» **Assignment**: Output the data in full. Keep every word exact and exclude the pictures.

» **Provided entries**:

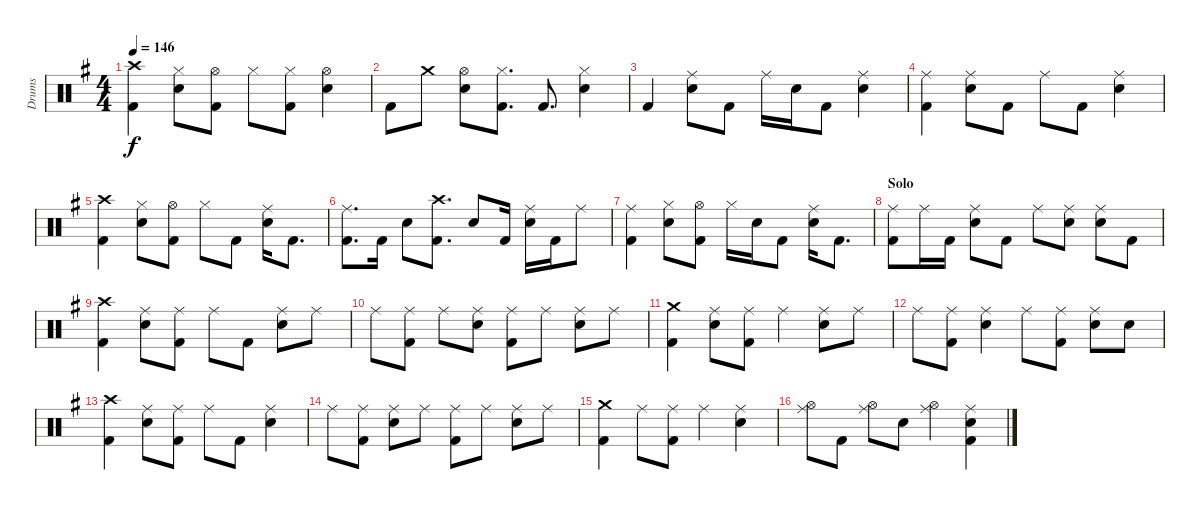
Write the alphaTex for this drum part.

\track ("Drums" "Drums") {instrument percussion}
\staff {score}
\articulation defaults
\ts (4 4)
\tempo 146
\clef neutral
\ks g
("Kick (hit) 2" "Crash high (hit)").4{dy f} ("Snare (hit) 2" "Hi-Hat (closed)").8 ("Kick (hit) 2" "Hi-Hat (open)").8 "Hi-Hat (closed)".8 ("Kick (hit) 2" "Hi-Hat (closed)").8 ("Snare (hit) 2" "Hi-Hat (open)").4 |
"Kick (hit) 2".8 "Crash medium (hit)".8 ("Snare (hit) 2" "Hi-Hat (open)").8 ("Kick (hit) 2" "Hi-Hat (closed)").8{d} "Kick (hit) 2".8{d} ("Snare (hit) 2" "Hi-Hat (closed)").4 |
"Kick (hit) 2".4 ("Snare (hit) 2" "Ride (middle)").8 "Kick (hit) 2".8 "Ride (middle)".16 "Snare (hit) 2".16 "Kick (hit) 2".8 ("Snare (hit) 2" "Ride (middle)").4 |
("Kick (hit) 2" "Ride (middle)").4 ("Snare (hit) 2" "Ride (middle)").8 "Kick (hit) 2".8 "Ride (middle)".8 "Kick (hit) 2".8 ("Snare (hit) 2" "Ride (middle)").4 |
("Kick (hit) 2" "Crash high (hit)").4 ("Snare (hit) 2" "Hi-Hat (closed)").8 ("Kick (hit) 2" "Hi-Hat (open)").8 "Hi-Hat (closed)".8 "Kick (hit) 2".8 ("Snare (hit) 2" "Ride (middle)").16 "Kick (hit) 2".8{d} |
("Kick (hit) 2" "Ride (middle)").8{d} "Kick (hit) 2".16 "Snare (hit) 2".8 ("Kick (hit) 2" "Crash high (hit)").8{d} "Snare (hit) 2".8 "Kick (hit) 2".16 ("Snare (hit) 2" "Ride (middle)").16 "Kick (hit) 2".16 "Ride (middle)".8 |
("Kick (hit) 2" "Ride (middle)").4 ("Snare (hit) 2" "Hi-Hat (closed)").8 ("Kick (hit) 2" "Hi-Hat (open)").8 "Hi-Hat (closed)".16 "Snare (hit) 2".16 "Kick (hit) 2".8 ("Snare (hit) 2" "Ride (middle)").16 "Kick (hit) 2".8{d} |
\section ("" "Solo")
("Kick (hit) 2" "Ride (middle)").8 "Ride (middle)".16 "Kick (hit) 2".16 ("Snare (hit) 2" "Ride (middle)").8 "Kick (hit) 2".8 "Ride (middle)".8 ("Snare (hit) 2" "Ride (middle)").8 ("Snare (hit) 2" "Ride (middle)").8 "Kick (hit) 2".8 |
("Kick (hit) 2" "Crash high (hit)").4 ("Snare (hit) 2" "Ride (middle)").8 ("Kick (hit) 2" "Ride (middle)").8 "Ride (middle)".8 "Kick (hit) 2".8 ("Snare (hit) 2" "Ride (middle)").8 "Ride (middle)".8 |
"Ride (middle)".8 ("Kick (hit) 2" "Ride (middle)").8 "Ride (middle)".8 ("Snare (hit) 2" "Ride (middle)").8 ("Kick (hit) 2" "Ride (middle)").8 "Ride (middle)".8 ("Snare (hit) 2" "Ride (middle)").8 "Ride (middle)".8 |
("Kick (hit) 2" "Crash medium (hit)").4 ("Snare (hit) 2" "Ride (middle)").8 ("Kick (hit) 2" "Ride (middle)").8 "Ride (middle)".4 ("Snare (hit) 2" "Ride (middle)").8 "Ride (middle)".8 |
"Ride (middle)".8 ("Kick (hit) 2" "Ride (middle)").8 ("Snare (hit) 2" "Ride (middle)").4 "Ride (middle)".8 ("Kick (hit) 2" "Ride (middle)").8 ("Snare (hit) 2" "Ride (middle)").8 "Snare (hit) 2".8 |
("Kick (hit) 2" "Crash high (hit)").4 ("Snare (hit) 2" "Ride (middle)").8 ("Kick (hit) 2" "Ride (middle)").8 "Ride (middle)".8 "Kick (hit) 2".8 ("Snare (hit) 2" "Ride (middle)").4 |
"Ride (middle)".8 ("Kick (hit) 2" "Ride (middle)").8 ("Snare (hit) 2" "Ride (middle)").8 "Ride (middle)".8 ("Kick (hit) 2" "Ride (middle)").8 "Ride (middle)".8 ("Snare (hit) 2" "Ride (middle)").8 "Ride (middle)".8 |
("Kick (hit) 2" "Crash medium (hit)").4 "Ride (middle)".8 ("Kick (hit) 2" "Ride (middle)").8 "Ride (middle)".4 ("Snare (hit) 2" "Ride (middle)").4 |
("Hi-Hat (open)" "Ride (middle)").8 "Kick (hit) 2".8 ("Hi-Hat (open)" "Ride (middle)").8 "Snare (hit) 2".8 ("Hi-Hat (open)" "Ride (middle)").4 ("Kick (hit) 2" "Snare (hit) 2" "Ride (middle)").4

» **Task answer**:
Write the alphaTex for this drum part.

\track ("Drums" "Drums") {instrument percussion}
\staff {score}
\articulation defaults
\ts (4 4)
\tempo 146
\clef neutral
\ks g
("Kick (hit) 2" "Crash high (hit)").4{dy f} ("Snare (hit) 2" "Hi-Hat (closed)").8 ("Kick (hit) 2" "Hi-Hat (open)").8 "Hi-Hat (closed)".8 ("Kick (hit) 2" "Hi-Hat (closed)").8 ("Snare (hit) 2" "Hi-Hat (open)").4 |
"Kick (hit) 2".8 "Crash medium (hit)".8 ("Snare (hit) 2" "Hi-Hat (open)").8 ("Kick (hit) 2" "Hi-Hat (closed)").8{d} "Kick (hit) 2".8{d} ("Snare (hit) 2" "Hi-Hat (closed)").4 |
"Kick (hit) 2".4 ("Snare (hit) 2" "Ride (middle)").8 "Kick (hit) 2".8 "Ride (middle)".16 "Snare (hit) 2".16 "Kick (hit) 2".8 ("Snare (hit) 2" "Ride (middle)").4 |
("Kick (hit) 2" "Ride (middle)").4 ("Snare (hit) 2" "Ride (middle)").8 "Kick (hit) 2".8 "Ride (middle)".8 "Kick (hit) 2".8 ("Snare (hit) 2" "Ride (middle)").4 |
("Kick (hit) 2" "Crash high (hit)").4 ("Snare (hit) 2" "Hi-Hat (closed)").8 ("Kick (hit) 2" "Hi-Hat (open)").8 "Hi-Hat (closed)".8 "Kick (hit) 2".8 ("Snare (hit) 2" "Ride (middle)").16 "Kick (hit) 2".8{d} |
("Kick (hit) 2" "Ride (middle)").8{d} "Kick (hit) 2".16 "Snare (hit) 2".8 ("Kick (hit) 2" "Crash high (hit)").8{d} "Snare (hit) 2".8 "Kick (hit) 2".16 ("Snare (hit) 2" "Ride (middle)").16 "Kick (hit) 2".16 "Ride (middle)".8 |
("Kick (hit) 2" "Ride (middle)").4 ("Snare (hit) 2" "Hi-Hat (closed)").8 ("Kick (hit) 2" "Hi-Hat (open)").8 "Hi-Hat (closed)".16 "Snare (hit) 2".16 "Kick (hit) 2".8 ("Snare (hit) 2" "Ride (middle)").16 "Kick (hit) 2".8{d} |
\section ("" "Solo")
("Kick (hit) 2" "Ride (middle)").8 "Ride (middle)".16 "Kick (hit) 2".16 ("Snare (hit) 2" "Ride (middle)").8 "Kick (hit) 2".8 "Ride (middle)".8 ("Snare (hit) 2" "Ride (middle)").8 ("Snare (hit) 2" "Ride (middle)").8 "Kick (hit) 2".8 |
("Kick (hit) 2" "Crash high (hit)").4 ("Snare (hit) 2" "Ride (middle)").8 ("Kick (hit) 2" "Ride (middle)").8 "Ride (middle)".8 "Kick (hit) 2".8 ("Snare (hit) 2" "Ride (middle)").8 "Ride (middle)".8 |
"Ride (middle)".8 ("Kick (hit) 2" "Ride (middle)").8 "Ride (middle)".8 ("Snare (hit) 2" "Ride (middle)").8 ("Kick (hit) 2" "Ride (middle)").8 "Ride (middle)".8 ("Snare (hit) 2" "Ride (middle)").8 "Ride (middle)".8 |
("Kick (hit) 2" "Crash medium (hit)").4 ("Snare (hit) 2" "Ride (middle)").8 ("Kick (hit) 2" "Ride (middle)").8 "Ride (middle)".4 ("Snare (hit) 2" "Ride (middle)").8 "Ride (middle)".8 |
"Ride (middle)".8 ("Kick (hit) 2" "Ride (middle)").8 ("Snare (hit) 2" "Ride (middle)").4 "Ride (middle)".8 ("Kick (hit) 2" "Ride (middle)").8 ("Snare (hit) 2" "Ride (middle)").8 "Snare (hit) 2".8 |
("Kick (hit) 2" "Crash high (hit)").4 ("Snare (hit) 2" "Ride (middle)").8 ("Kick (hit) 2" "Ride (middle)").8 "Ride (middle)".8 "Kick (hit) 2".8 ("Snare (hit) 2" "Ride (middle)").4 |
"Ride (middle)".8 ("Kick (hit) 2" "Ride (middle)").8 ("Snare (hit) 2" "Ride (middle)").8 "Ride (middle)".8 ("Kick (hit) 2" "Ride (middle)").8 "Ride (middle)".8 ("Snare (hit) 2" "Ride (middle)").8 "Ride (middle)".8 |
("Kick (hit) 2" "Crash medium (hit)").4 "Ride (middle)".8 ("Kick (hit) 2" "Ride (middle)").8 "Ride (middle)".4 ("Snare (hit) 2" "Ride (middle)").4 |
("Hi-Hat (open)" "Ride (middle)").8 "Kick (hit) 2".8 ("Hi-Hat (open)" "Ride (middle)").8 "Snare (hit) 2".8 ("Hi-Hat (open)" "Ride (middle)").4 ("Kick (hit) 2" "Snare (hit) 2" "Ride (middle)").4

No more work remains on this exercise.